Task brief -> Repeat exactly the stretch of lines that starts with the one containing "name: x=_ y=_" and ends with the last line of the material. Leave out pictures.

Provided data ->
━━━━━━

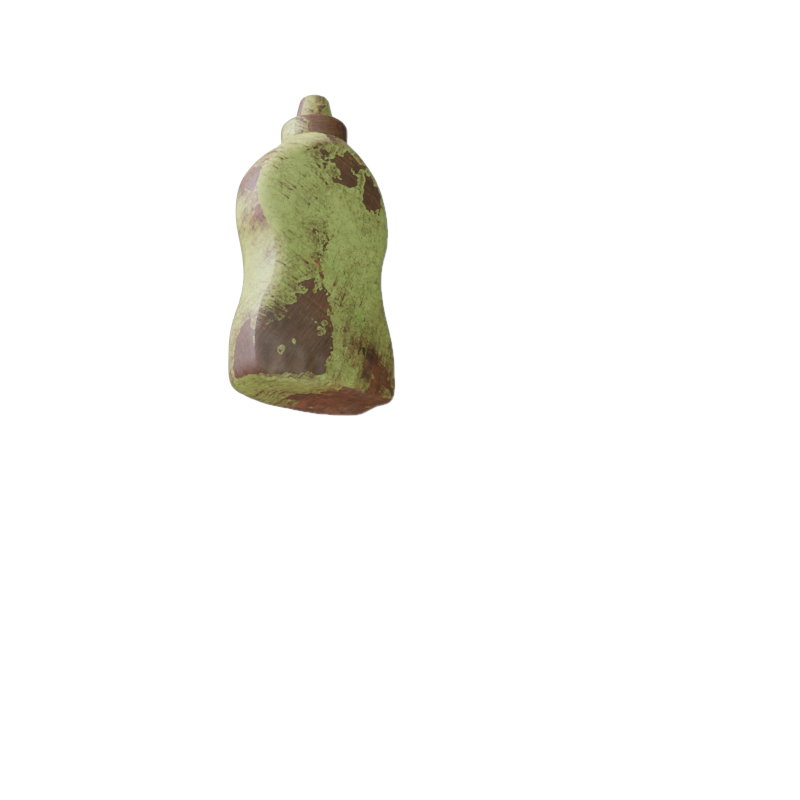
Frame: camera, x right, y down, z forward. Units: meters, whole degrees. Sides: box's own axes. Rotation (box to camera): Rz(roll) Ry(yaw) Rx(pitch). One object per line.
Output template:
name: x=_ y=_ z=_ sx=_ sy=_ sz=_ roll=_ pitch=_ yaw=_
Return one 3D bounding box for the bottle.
bottle: x=-0.050 y=-0.093 z=0.648 sx=0.091 sy=0.202 sz=0.058 roll=13 pitch=-28 yaw=-32
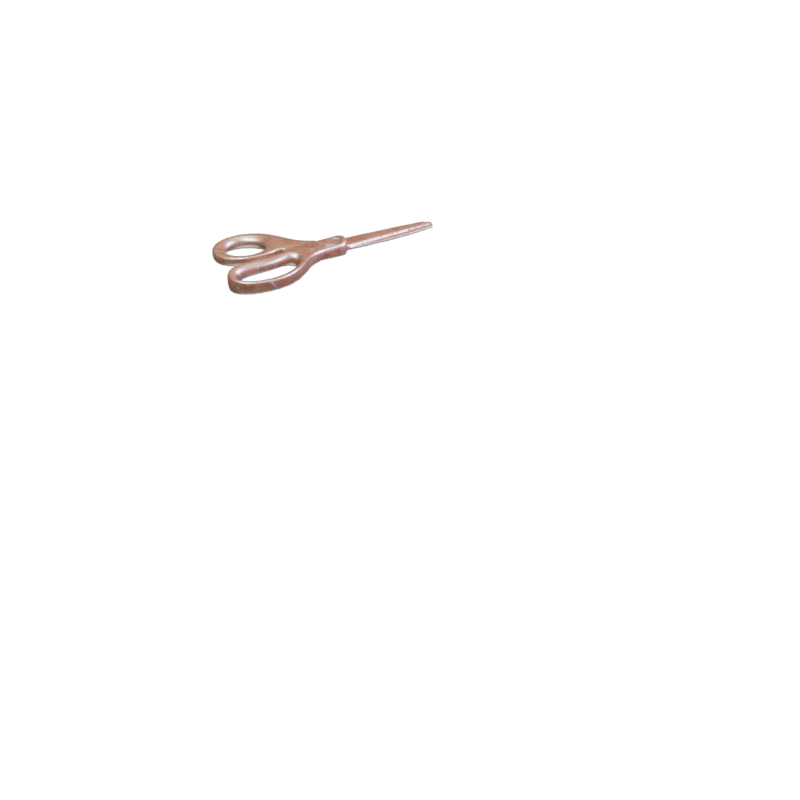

━━━━━━

Solution ->
name: x=_ y=_ z=_ sx=_ sy=_ sz=_ roll=_ pitch=_ yaw=_
Return one 3D bounding box for the bottle.
bottle: x=-0.050 y=-0.093 z=0.648 sx=0.091 sy=0.202 sz=0.058 roll=13 pitch=-28 yaw=-32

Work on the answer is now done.